Sunday, 10 March 2013

Book Review: The Metamorphosis by Franz Kafka, Stanley Corngold (Translator)

I'm giving this book a 5 star, and I am hoping that I will never ever have to read it again. In fact I do not want to ever remember this gruesome tale of degrading humanity. I do not have the courage to analyze this story. I do not care if the metamorphosis depicts something of more significance, or if there is a great hidden message for the world. I took the story on its words and I was completely devastated after finishing it. So much so that it took me hours to compose myself.

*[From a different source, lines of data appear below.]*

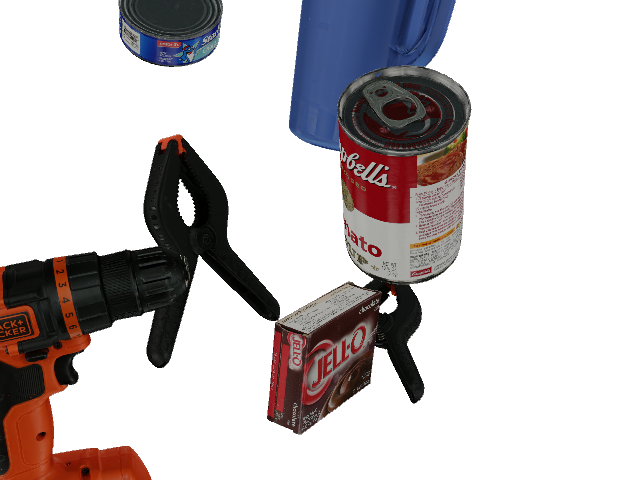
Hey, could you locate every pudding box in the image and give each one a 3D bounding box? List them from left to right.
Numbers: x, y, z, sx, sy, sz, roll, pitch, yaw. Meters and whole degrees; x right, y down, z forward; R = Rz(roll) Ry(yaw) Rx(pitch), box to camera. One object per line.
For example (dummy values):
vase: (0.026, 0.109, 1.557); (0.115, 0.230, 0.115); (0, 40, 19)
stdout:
pudding box: (0.004, 0.093, 0.873); (0.039, 0.090, 0.113); (19, 26, 27)

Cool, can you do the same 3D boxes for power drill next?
power drill: (-0.165, 0.098, 0.706); (0.184, 0.188, 0.057); (-11, 25, -7)

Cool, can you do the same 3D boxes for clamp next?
clamp: (-0.112, 0.004, 1.019); (0.036, 0.210, 0.164); (-8, 1, 42)
clamp: (0.068, 0.099, 1.098); (0.120, 0.171, 0.039); (16, -39, 18)

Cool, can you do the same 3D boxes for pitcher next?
pitcher: (0.047, -0.205, 0.992); (0.145, 0.243, 0.149); (11, 16, 2)

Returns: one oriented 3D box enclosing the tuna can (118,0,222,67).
tuna can: (-0.125, -0.184, 0.891); (0.086, 0.086, 0.034); (0, -40, -11)

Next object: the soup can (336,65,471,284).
soup can: (0.045, -0.034, 0.576); (0.068, 0.068, 0.102); (0, -43, 4)
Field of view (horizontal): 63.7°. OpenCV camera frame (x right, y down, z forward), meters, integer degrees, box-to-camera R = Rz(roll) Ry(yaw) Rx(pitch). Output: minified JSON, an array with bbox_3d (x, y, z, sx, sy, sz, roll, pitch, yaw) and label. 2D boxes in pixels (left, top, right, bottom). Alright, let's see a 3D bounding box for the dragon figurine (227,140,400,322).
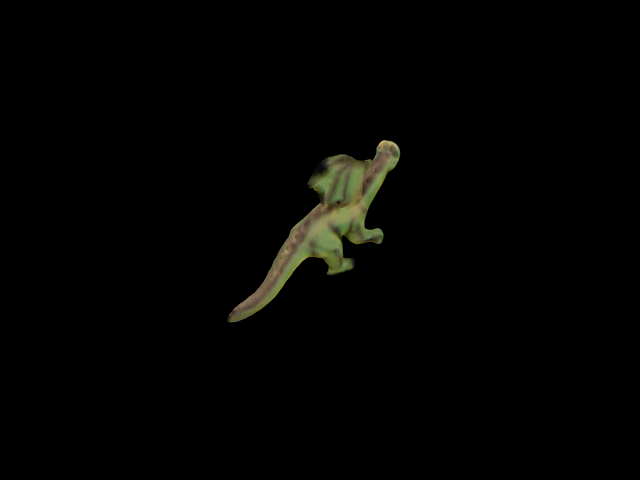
[{"bbox_3d":[0.003,-0.043,0.850,0.123,0.237,0.416,33,55,28],"label":"dragon figurine"}]

I remember how as a child, when I first understood death, I tormented myself by imagining my death, or the death of people close to me, how the loneliness and horror of bereavement gripped my innocent heart and how I have cried for these frightening images. Last night, I was that child again. Its only last night, it dawned to me, that how easy it is for us, the humans, the self-proclaimed children of God, to torment those we once loved, when they become a burden. How easy it is for us to forget in the moment of revulsion for everything that is ugly to our eyes, that hideous and beautiful belongs equally to God.

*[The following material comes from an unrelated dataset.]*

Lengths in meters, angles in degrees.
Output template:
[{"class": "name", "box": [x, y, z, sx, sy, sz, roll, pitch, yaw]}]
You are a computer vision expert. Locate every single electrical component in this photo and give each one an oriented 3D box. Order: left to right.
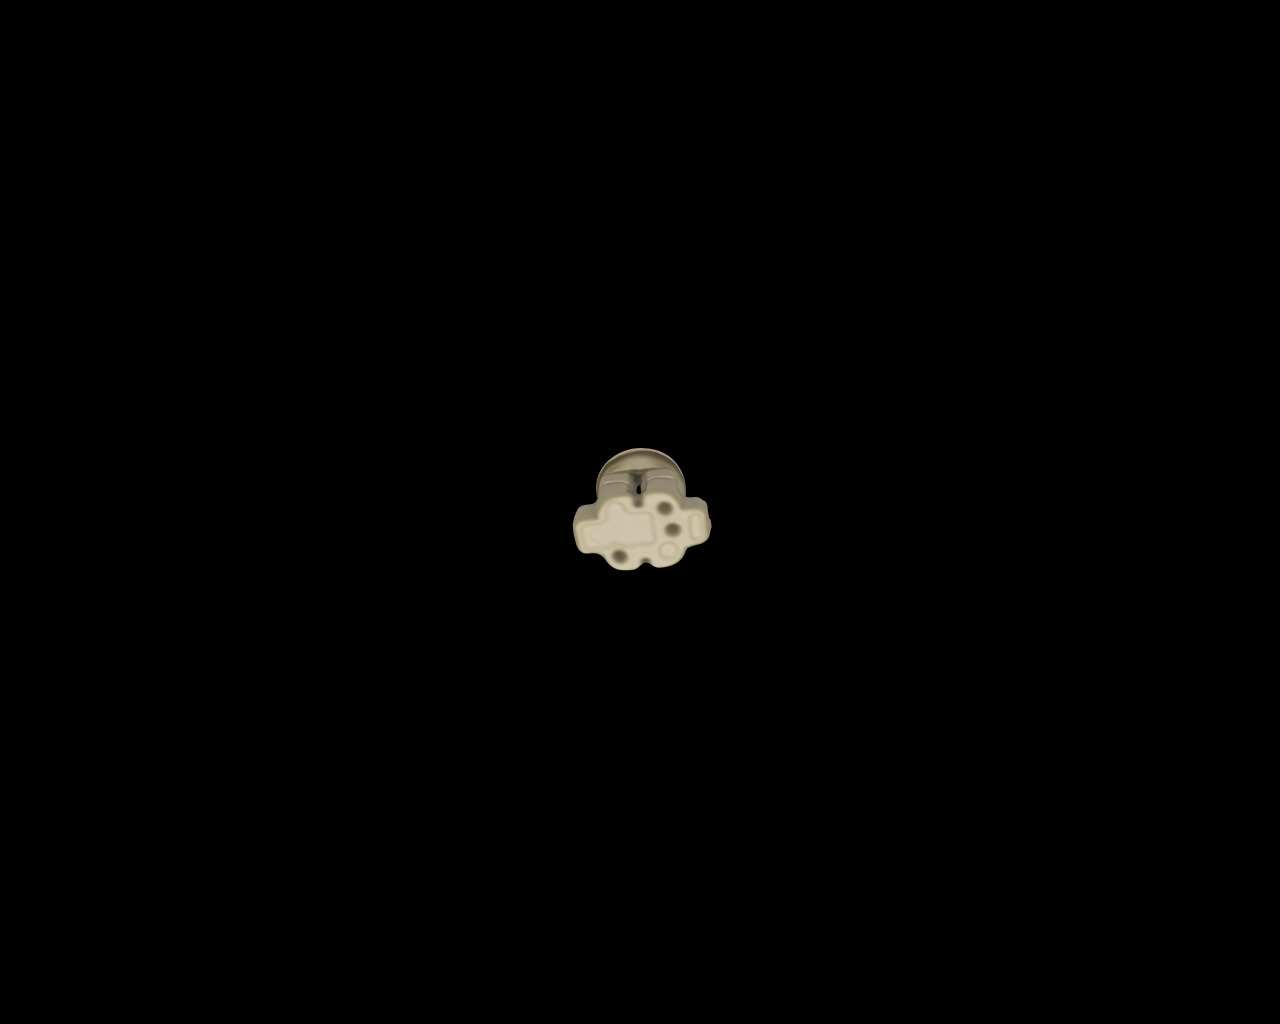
[{"class": "electrical component", "box": [0.001, -0.003, 0.650, 0.078, 0.057, 0.057, -5, 31, 3]}]

It was not the metamorphosis of Gregor Samsa from human to a monstrous, revolting vermin that killed him. It was the metamorphosis of his family, from supposed love to disgust, that took his life. The family, who failed to recognize the lingering humanity beneath his appalling outward appearance. Despite his hopes and best intentions to be the bread-earner of the family again, and his desperate attempt to hold onto a few remainders of his humanity, the outright disgust of his father, the fear of his mother and the transformation of his sister Grete, compels him to accept death for the best interest of his family, which he did, with deep emotions and love. Grete, who initially showed great care for her brother, her neglect for him and the way she shouted that she wanted to get rid of him, was more grotesque than the revulsion of others. And what was his fault? Only that he showed his disgusting face, in a desperate attempt to convey his love for her, and to tell her how much he loved the way she played the violin?

The next morning, the family is relieved to find him dead.